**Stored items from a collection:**
◆ ◆ ◆

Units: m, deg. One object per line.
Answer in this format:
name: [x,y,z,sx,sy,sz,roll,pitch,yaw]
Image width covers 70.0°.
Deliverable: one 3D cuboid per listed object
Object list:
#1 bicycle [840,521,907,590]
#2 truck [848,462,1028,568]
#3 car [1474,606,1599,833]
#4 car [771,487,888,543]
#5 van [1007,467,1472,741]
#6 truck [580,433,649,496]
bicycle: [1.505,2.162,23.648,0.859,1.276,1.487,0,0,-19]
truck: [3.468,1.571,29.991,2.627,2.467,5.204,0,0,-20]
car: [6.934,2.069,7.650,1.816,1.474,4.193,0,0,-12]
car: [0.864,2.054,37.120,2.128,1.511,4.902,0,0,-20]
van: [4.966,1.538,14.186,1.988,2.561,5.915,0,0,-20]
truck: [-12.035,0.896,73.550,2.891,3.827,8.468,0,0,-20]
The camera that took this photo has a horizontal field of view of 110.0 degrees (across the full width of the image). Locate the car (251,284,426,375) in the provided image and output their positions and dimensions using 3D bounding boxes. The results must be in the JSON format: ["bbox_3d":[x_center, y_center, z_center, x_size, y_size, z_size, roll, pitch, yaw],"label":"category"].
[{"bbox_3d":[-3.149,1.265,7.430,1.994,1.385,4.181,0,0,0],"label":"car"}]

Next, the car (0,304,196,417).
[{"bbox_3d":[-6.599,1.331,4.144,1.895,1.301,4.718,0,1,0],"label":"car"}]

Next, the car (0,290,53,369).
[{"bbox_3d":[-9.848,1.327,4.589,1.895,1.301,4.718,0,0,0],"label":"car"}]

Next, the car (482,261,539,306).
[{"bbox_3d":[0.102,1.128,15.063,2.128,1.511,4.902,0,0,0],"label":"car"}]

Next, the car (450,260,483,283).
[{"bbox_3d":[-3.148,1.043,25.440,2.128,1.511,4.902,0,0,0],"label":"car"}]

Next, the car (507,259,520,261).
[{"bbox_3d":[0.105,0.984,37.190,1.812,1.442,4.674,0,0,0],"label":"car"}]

◆ ◆ ◆

**Assigned task:** The output should match the records above exactly, line for line.

**Task solution:**
Units: m, deg. One object per line.
Answer in this format:
name: [x,y,z,sx,sy,sz,roll,pitch,yaw]
Image width covers 70.0°.
Deliverable: one 3D cuboid per listed object
Object list:
#1 bicycle [840,521,907,590]
#2 truck [848,462,1028,568]
#3 car [1474,606,1599,833]
#4 car [771,487,888,543]
#5 van [1007,467,1472,741]
#6 truck [580,433,649,496]
bicycle: [1.505,2.162,23.648,0.859,1.276,1.487,0,0,-19]
truck: [3.468,1.571,29.991,2.627,2.467,5.204,0,0,-20]
car: [6.934,2.069,7.650,1.816,1.474,4.193,0,0,-12]
car: [0.864,2.054,37.120,2.128,1.511,4.902,0,0,-20]
van: [4.966,1.538,14.186,1.988,2.561,5.915,0,0,-20]
truck: [-12.035,0.896,73.550,2.891,3.827,8.468,0,0,-20]
The camera that took this photo has a horizontal field of view of 110.0 degrees (across the full width of the image). Locate the car (251,284,426,375) in the provided image and output their positions and dimensions using 3D bounding boxes. The results must be in the JSON format: ["bbox_3d":[x_center, y_center, z_center, x_size, y_size, z_size, roll, pitch, yaw],"label":"category"].
[{"bbox_3d":[-3.149,1.265,7.430,1.994,1.385,4.181,0,0,0],"label":"car"}]

Next, the car (0,304,196,417).
[{"bbox_3d":[-6.599,1.331,4.144,1.895,1.301,4.718,0,1,0],"label":"car"}]

Next, the car (0,290,53,369).
[{"bbox_3d":[-9.848,1.327,4.589,1.895,1.301,4.718,0,0,0],"label":"car"}]

Next, the car (482,261,539,306).
[{"bbox_3d":[0.102,1.128,15.063,2.128,1.511,4.902,0,0,0],"label":"car"}]

Next, the car (450,260,483,283).
[{"bbox_3d":[-3.148,1.043,25.440,2.128,1.511,4.902,0,0,0],"label":"car"}]

Next, the car (507,259,520,261).
[{"bbox_3d":[0.105,0.984,37.190,1.812,1.442,4.674,0,0,0],"label":"car"}]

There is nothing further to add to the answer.